* Problem details *
Some of the lines below need repeating. Reproduce exactly those between the lines holding "each defined once" and "blk.add_line((5.891, 5.1575), (6.7652, 5.1575), dxfattribs=at)", inclusive.

* Records to use *
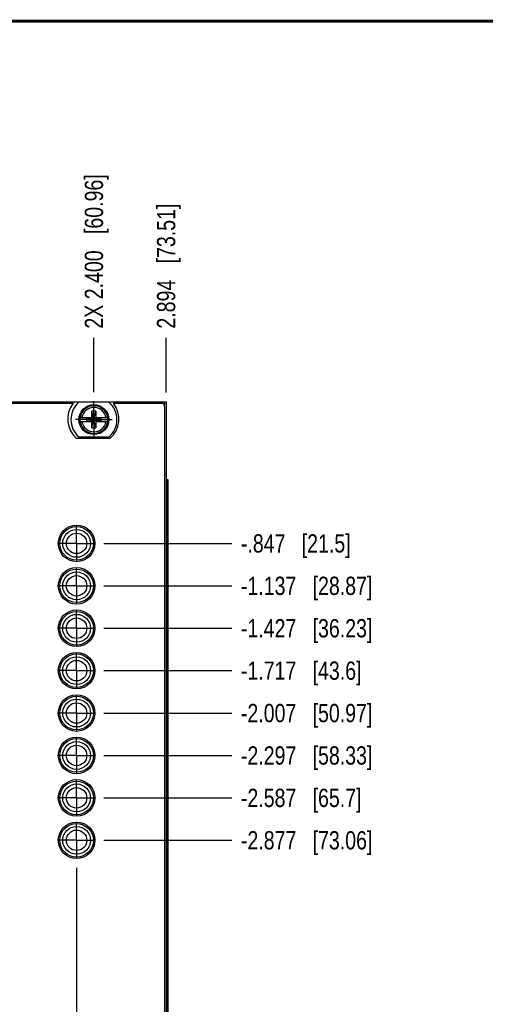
# Model space of a CAD drawing. Header units: inches. Extents: x 0.2 to 16.8, y 0.2 to 10.8.
# Tile 7 of 30: x 5.3 to 8.5, y 4 to 10.8. Entities that reach past the tile are written whole.
import ezdxf

# ---------------------------------------------------------------- set-up
doc = ezdxf.new("R2010")
doc.units = ezdxf.units.IN
doc.header["$LTSCALE"] = 0.935
doc.header["$MEASUREMENT"] = 0
doc.linetypes.add('CENTER', pattern=[0.6, 0.375, -0.075, 0.075, -0.075])
doc.layers.get('0').update_dxf_attribs({"linetype": 'CONTINUOUS'})
doc.layers.add('02___PRT_ALL_AXES', color=7, linetype='CONTINUOUS')
doc.layers.add('DIMENSIONS', color=7, linetype='CONTINUOUS')
doc.styles.get("Standard").update_dxf_attribs({"font": 'txt', "width": 0.8})
doc.dimstyles.new('DIMSTYLE_1', dxfattribs={"dimtxt": 0.125, "dimasz": 0.18, "dimexe": 0.18, "dimexo": 0.0625, "dimgap": 0.09, "dimtad": 0, "dimtih": 1, "dimtoh": 1, "dimdec": 3, "dimzin": 4, "dimdsep": 46, "dimtxsty": 'STANDARD', "dimblk": '_FILLED', "dimblk1": '_FILLED', "dimblk2": '_FILLED', "dimcen": 0.09, "dimadec": 0, "dimazin": 0, "dimtp": 0.01, "dimtm": 0.01, "dimtfac": 1, "dimtdec": 3, "dimtofl": 0, "dimtmove": 0, "dimatfit": 3, "dimldrblk": '_FILLED', "dimfxl": 1, "dimtolj": 1, "dimtzin": 4, "dimarcsym": 0})

# ---------------------------------------------------------------- blocks, each defined once
blk = doc.blocks.new('*D12')
at = {"layer": 'DIMENSIONS', "color": 2, "linetype": 'CONTINUOUS'}
blk.add_line((5.891, 5.1575), (6.7652, 5.1575), dxfattribs=at)
at = {"layer": 'DIMENSIONS', "color": 2, "linetype": 'CONTINUOUS', "insert": (6.8277, 5.22), "char_height": 0.125, "width": 1.425, "attachment_point": 1, "line_spacing_factor": 0.9}
blk.add_mtext('-2.877{\\Ftxt.shx;\\W1.000000;\\H0.125000; }[73.06]', dxfattribs=at)
blk = doc.blocks.new('_FILLED')
at = {"color": 0, "linetype": 'BYBLOCK'}
blk.add_solid([(0, 0), (-1, 0.174), (-1, -0.174)], dxfattribs=at)
blk = doc.blocks.new('*D13')
at = {"layer": 'DIMENSIONS', "color": 2, "linetype": 'CONTINUOUS'}
blk.add_line((5.891, 5.4475), (6.7652, 5.4475), dxfattribs=at)
at = {"layer": 'DIMENSIONS', "color": 2, "linetype": 'CONTINUOUS', "insert": (6.8277, 5.51), "char_height": 0.125, "width": 1.325, "attachment_point": 1, "line_spacing_factor": 0.9}
blk.add_mtext('-2.587{\\Ftxt.shx;\\W1.000000;\\H0.125000; }[65.7]', dxfattribs=at)
blk = doc.blocks.new('*D14')
at = {"layer": 'DIMENSIONS', "color": 2, "linetype": 'CONTINUOUS'}
blk.add_line((5.891, 5.7375), (6.7652, 5.7375), dxfattribs=at)
at = {"layer": 'DIMENSIONS', "color": 2, "linetype": 'CONTINUOUS', "insert": (6.8277, 5.8), "char_height": 0.125, "width": 1.425, "attachment_point": 1, "line_spacing_factor": 0.9}
blk.add_mtext('-2.297{\\Ftxt.shx;\\W1.000000;\\H0.125000; }[58.33]', dxfattribs=at)
blk = doc.blocks.new('*D15')
at = {"layer": 'DIMENSIONS', "color": 2, "linetype": 'CONTINUOUS'}
blk.add_line((5.891, 6.0275), (6.7652, 6.0275), dxfattribs=at)
at = {"layer": 'DIMENSIONS', "color": 2, "linetype": 'CONTINUOUS', "insert": (6.8277, 6.09), "char_height": 0.125, "width": 1.425, "attachment_point": 1, "line_spacing_factor": 0.9}
blk.add_mtext('-2.007{\\Ftxt.shx;\\W1.000000;\\H0.125000; }[50.97]', dxfattribs=at)
blk = doc.blocks.new('*D16')
at = {"layer": 'DIMENSIONS', "color": 2, "linetype": 'CONTINUOUS'}
blk.add_line((5.891, 6.3175), (6.7652, 6.3175), dxfattribs=at)
at = {"layer": 'DIMENSIONS', "color": 2, "linetype": 'CONTINUOUS', "insert": (6.8277, 6.38), "char_height": 0.125, "width": 1.325, "attachment_point": 1, "line_spacing_factor": 0.9}
blk.add_mtext('-1.717{\\Ftxt.shx;\\W1.000000;\\H0.125000; }[43.6]', dxfattribs=at)
blk = doc.blocks.new('*D17')
at = {"layer": 'DIMENSIONS', "color": 2, "linetype": 'CONTINUOUS'}
blk.add_line((5.891, 6.6075), (6.7652, 6.6075), dxfattribs=at)
at = {"layer": 'DIMENSIONS', "color": 2, "linetype": 'CONTINUOUS', "insert": (6.8277, 6.67), "char_height": 0.125, "width": 1.425, "attachment_point": 1, "line_spacing_factor": 0.9}
blk.add_mtext('-1.427{\\Ftxt.shx;\\W1.000000;\\H0.125000; }[36.23]', dxfattribs=at)
blk = doc.blocks.new('*D18')
at = {"layer": 'DIMENSIONS', "color": 2, "linetype": 'CONTINUOUS'}
blk.add_line((5.891, 6.8975), (6.7652, 6.8975), dxfattribs=at)
at = {"layer": 'DIMENSIONS', "color": 2, "linetype": 'CONTINUOUS', "insert": (6.8277, 6.96), "char_height": 0.125, "width": 1.425, "attachment_point": 1, "line_spacing_factor": 0.9}
blk.add_mtext('-1.137{\\Ftxt.shx;\\W1.000000;\\H0.125000; }[28.87]', dxfattribs=at)
blk = doc.blocks.new('*D19')
at = {"layer": 'DIMENSIONS', "color": 2, "linetype": 'CONTINUOUS'}
blk.add_line((5.891, 7.1875), (6.7652, 7.1875), dxfattribs=at)
at = {"layer": 'DIMENSIONS', "color": 2, "linetype": 'CONTINUOUS', "insert": (6.8277, 7.25), "char_height": 0.125, "width": 1.225, "attachment_point": 1, "line_spacing_factor": 0.9}
blk.add_mtext('-.847{\\Ftxt.shx;\\W1.000000;\\H0.125000; }[21.5]', dxfattribs=at)
blk = doc.blocks.new('*D25')
at = {"layer": 'DIMENSIONS', "color": 2, "linetype": 'CONTINUOUS'}
blk.add_line((5.822, 8.2216), (5.822, 8.5935), dxfattribs=at)
at = {"layer": 'DIMENSIONS', "color": 2, "linetype": 'CONTINUOUS', "insert": (5.7595, 8.656), "char_height": 0.125, "width": 1.625, "attachment_point": 1, "rotation": 90, "line_spacing_factor": 0.9}
blk.add_mtext('2X 2.400{\\Ftxt.shx;\\W1.000000;\\H0.125000; }[60.96]', dxfattribs=at)
blk = doc.blocks.new('*D26')
at = {"layer": 'DIMENSIONS', "color": 2, "linetype": 'CONTINUOUS'}
blk.add_line((6.316, 8.2185), (6.316, 8.5935), dxfattribs=at)
at = {"layer": 'DIMENSIONS', "color": 2, "linetype": 'CONTINUOUS', "insert": (6.2535, 8.656), "char_height": 0.125, "width": 1.325, "attachment_point": 1, "rotation": 90, "line_spacing_factor": 0.9}
blk.add_mtext('2.894{\\Ftxt.shx;\\W1.000000;\\H0.125000; }[73.51]', dxfattribs=at)
blk = doc.blocks.new('*D30')
at = {"layer": 'DIMENSIONS', "color": 2, "linetype": 'CONTINUOUS'}
blk.add_line((5.7034, 4.9699), (5.7034, 2.5806), dxfattribs=at)
at = {"layer": 'DIMENSIONS', "color": 2, "linetype": 'CONTINUOUS', "insert": (5.6409, 2.5181), "char_height": 0.125, "width": 1.625, "attachment_point": 3, "rotation": 90, "line_spacing_factor": 0.9}
blk.add_mtext('8X 2.281{\\Ftxt.shx;\\W1.000000;\\H0.125000; }[57.95]', dxfattribs=at)

msp = doc.modelspace()

# ---------------------------------------------------------------- linework, layer by layer
at = {"color": 7, "linetype": 'CONTINUOUS'}
for p, q in [((3.128, 8.156), (6.316, 8.156)), ((5.9257, 8.1525), (5.7182, 8.1525)), ((6.316, 8.156), (6.316, 3.089)), ((5.1597, 8.146), (5.6799, 8.146)), ((5.8082, 7.9769), (5.8357, 8.0911)), ((5.8082, 8.0478), (5.8082, 8.0911)), ((5.8357, 7.9769), (5.8082, 8.0911)), ((5.8357, 8.0911), (5.8082, 8.0911)), ((5.8357, 8.0911), (5.8357, 8.0478)), ((5.9553, 8.146), (6.286, 8.146)), ((6.306, 8.126), (6.306, 3.121)), ((5.7273, 8.0478), (5.8102, 8.0478)), ((5.7273, 8.0202), (5.8102, 8.0202)), ((5.7734, 8.0223), (5.7734, 8.0457)), ((5.7734, 8.0223), (5.8705, 8.0457)), ((5.7734, 8.0457), (5.8102, 8.0457)), ((5.7734, 8.0457), (5.8705, 8.0223)), ((5.8102, 8.0223), (5.7734, 8.0223)), ((5.8082, 7.9769), (5.8082, 8.0202)), ((5.8102, 8.0457), (5.8102, 8.0478)), ((5.8102, 8.0223), (5.8337, 8.0457)), ((5.8337, 8.0223), (5.8102, 8.0457)), ((5.8102, 8.0223), (5.8102, 8.0202)), ((5.8337, 8.0457), (5.8337, 8.0478)), ((5.8337, 8.0478), (5.9166, 8.0478)), ((5.8337, 8.0457), (5.8705, 8.0457)), ((5.8337, 8.0223), (5.8337, 8.0202)), ((5.8705, 8.0223), (5.8337, 8.0223)), ((5.8337, 8.0202), (5.9166, 8.0202)), ((5.8357, 8.0202), (5.8357, 7.9769)), ((5.8705, 8.0223), (5.8705, 8.0457)), ((5.8082, 7.9769), (5.8357, 7.9769)), ((5.9313, 7.905), (5.7038, 7.905)), ((5.7182, 7.9155), (5.9257, 7.9155)), ((6.316, 7.624), (6.3277, 7.624)), ((6.3277, 3.624), (6.3277, 7.624))]:
    msp.add_line(p, q, dxfattribs=at)
at = {"color": 9, "linetype": 'CONTINUOUS'}
for p, q in [((6.304, 8.156), (6.304, 8.1347)), ((6.3189, 3.624), (6.3189, 7.624)), ((6.3275, 7.624), (6.3275, 3.624))]:
    msp.add_line(p, q, dxfattribs=at)
at = {"color": 7, "linetype": 'CONTINUOUS', "const_width": 0.02}
msp.add_lwpolyline([(16.75, 10.7586), (0.25, 10.7586)], dxfattribs=at)
at = {"color": 7, "linetype": 'CONTINUOUS'}
for centre, radius in [((5.822, 8.034), 0.1025), ((5.822, 8.034), 0.098), ((5.7034, 7.1875), 0.125), ((5.7034, 7.1875), 0.115), ((5.7034, 7.1875), 0.095), ((5.7034, 7.1875), 0.07), ((5.7034, 6.8975), 0.125), ((5.7034, 6.8975), 0.115), ((5.7034, 6.8975), 0.095), ((5.7034, 6.8975), 0.07), ((5.7034, 6.6075), 0.125), ((5.7034, 6.6075), 0.115), ((5.7034, 6.6075), 0.095), ((5.7034, 6.6075), 0.07), ((5.7034, 6.3175), 0.125), ((5.7034, 6.3175), 0.115), ((5.7034, 6.3175), 0.095), ((5.7034, 6.3175), 0.07), ((5.7034, 6.0275), 0.125), ((5.7034, 6.0275), 0.115), ((5.7034, 6.0275), 0.095), ((5.7034, 6.0275), 0.07), ((5.7034, 5.7375), 0.125), ((5.7034, 5.7375), 0.115), ((5.7034, 5.7375), 0.095), ((5.7034, 5.7375), 0.07), ((5.7034, 5.4475), 0.125), ((5.7034, 5.4475), 0.115), ((5.7034, 5.4475), 0.095), ((5.7034, 5.4475), 0.07), ((5.7034, 5.1575), 0.125), ((5.7034, 5.1575), 0.115), ((5.7034, 5.1575), 0.095), ((5.7034, 5.1575), 0.07)]:
    msp.add_circle(centre, radius, dxfattribs=at)
for centre, radius, start, end in [((5.822, 8.034), 0.1575, 131.20295, 228.79705), ((5.822, 8.034), 0.1575, 311.20295, 48.79705), ((5.8176, 8.038), 0.175, 141.89221, 229.4642), ((5.8176, 8.038), 0.175, 310.5358, 38.10779), ((6.286, 8.126), 0.02, 0, 90), ((5.822, 8.034), 0.0956, 171.71661, 188.28339), ((5.822, 8.034), 0.0956, 351.71661, 8.28339)]:
    msp.add_arc(centre, radius, start, end, dxfattribs=at)
at = {"color": 9, "linetype": 'CONTINUOUS'}
for radius, start, end in [(0.0947, 8.36374, 171.63626), (0.0832, 9.53359, 170.46641), (0.0947, 188.36374, 351.63626), (0.0832, 189.53359, 350.46641)]:
    msp.add_arc((5.822, 8.034), radius, start, end, dxfattribs=at)
at = {"layer": '02___PRT_ALL_AXES', "color": 7, "linetype": 'CENTER'}
for p, q in [((5.822, 8.034), (5.822, 8.1591)), ((5.822, 8.034), (5.6969, 8.034)), ((5.822, 8.034), (5.822, 7.9089)), ((5.822, 8.034), (5.9471, 8.034)), ((5.7034, 7.1875), (5.7034, 7.3126)), ((5.7034, 7.1875), (5.5783, 7.1875)), ((5.7034, 7.1875), (5.7034, 7.0624)), ((5.7034, 7.1875), (5.8285, 7.1875)), ((5.7034, 6.8975), (5.7034, 7.0226)), ((5.7034, 6.8975), (5.5783, 6.8975)), ((5.7034, 6.8975), (5.7034, 6.7724)), ((5.7034, 6.8975), (5.8285, 6.8975)), ((5.7034, 6.6075), (5.7034, 6.7326)), ((5.7034, 6.6075), (5.5783, 6.6075)), ((5.7034, 6.6075), (5.7034, 6.4824)), ((5.7034, 6.6075), (5.8285, 6.6075)), ((5.7034, 6.3175), (5.7034, 6.4426)), ((5.7034, 6.3175), (5.5783, 6.3175)), ((5.7034, 6.3175), (5.8285, 6.3175)), ((5.7034, 6.3175), (5.7034, 6.1924)), ((5.7034, 6.0275), (5.7034, 6.1526)), ((5.7034, 6.0275), (5.5783, 6.0275)), ((5.7034, 6.0275), (5.8285, 6.0275)), ((5.7034, 6.0275), (5.7034, 5.9024)), ((5.7034, 5.7375), (5.7034, 5.8626)), ((5.7034, 5.7375), (5.5783, 5.7375)), ((5.7034, 5.7375), (5.8285, 5.7375)), ((5.7034, 5.7375), (5.7034, 5.6124)), ((5.7034, 5.4475), (5.7034, 5.5726)), ((5.7034, 5.4475), (5.5783, 5.4475)), ((5.7034, 5.4475), (5.8285, 5.4475)), ((5.7034, 5.4475), (5.7034, 5.3224)), ((5.7034, 5.1575), (5.7034, 5.2826)), ((5.7034, 5.1575), (5.5783, 5.1575)), ((5.7034, 5.1575), (5.8285, 5.1575)), ((5.7034, 5.1575), (5.7034, 5.0324))]:
    msp.add_line(p, q, dxfattribs=at)

# ---------------------------------------------------------------- dimensions: what is measured, and where the dimension line sits
at = {"layer": 'DIMENSIONS', "color": 2, "linetype": 'CONTINUOUS'}
for feature_location, offset, dtype, origin, text, picture, middle in [((5.822, 8.2216), (0, 0.3719), 1, (3.422, 8.1591), '2X <>', '*D25', (5.822, 9.4685)), ((5.89104, 5.15748), (0.87411, 0), 0, (5.82854, 8.03399), '-<>', '*D12', (7.54015, 5.15748)), ((5.89104, 5.44748), (0.87411, 0), 0, (5.82854, 8.03399), '-<>', '*D13', (7.49015, 5.44748)), ((5.89104, 5.73748), (0.87411, 0), 0, (5.82854, 8.03399), '-<>', '*D14', (7.54015, 5.73748)), ((5.89104, 6.02748), (0.87411, 0), 0, (5.82854, 8.03399), '-<>', '*D15', (7.54015, 6.02748)), ((5.89104, 6.31748), (0.87411, 0), 0, (5.82854, 8.03399), '-<>', '*D16', (7.49015, 6.31748)), ((5.89104, 6.60748), (0.87411, 0), 0, (5.82854, 8.03399), '-<>', '*D17', (7.54015, 6.60748)), ((5.89104, 6.89748), (0.87411, 0), 0, (5.82854, 8.03399), '-<>', '*D18', (7.54015, 6.89748)), ((5.89104, 7.18748), (0.87411, 0), 0, (5.82854, 8.03399), '-<>', '*D19', (7.44015, 7.18748)), ((5.7034, 4.9699), (0, -2.3893), 1, (3.422, 5.0324), '8X <>', '*D30', (5.8379, 1.5268))]:
    dim = msp.add_ordinate_dim(feature_location=feature_location, offset=offset, dtype=dtype, origin=origin, text=text, dimstyle='DIMSTYLE_1', dxfattribs=at)
    dim.commit()
    dim.dimension.update_dxf_attribs({"geometry": picture, "text_midpoint": middle})
dim = msp.add_ordinate_dim(feature_location=(6.316, 8.2185), offset=(0, 0.375), dtype=1, origin=(3.422, 8.156), dimstyle='DIMSTYLE_1', dxfattribs=at)
dim.commit()
dim.dimension.update_dxf_attribs({"geometry": '*D26', "text_midpoint": (6.316, 9.3185)})

doc.saveas('drawing.dxf')

* Response box *
# ---------------------------------------------------------------- blocks, each defined once
blk = doc.blocks.new('*D12')
at = {"layer": 'DIMENSIONS', "color": 2, "linetype": 'CONTINUOUS'}
blk.add_line((5.891, 5.1575), (6.7652, 5.1575), dxfattribs=at)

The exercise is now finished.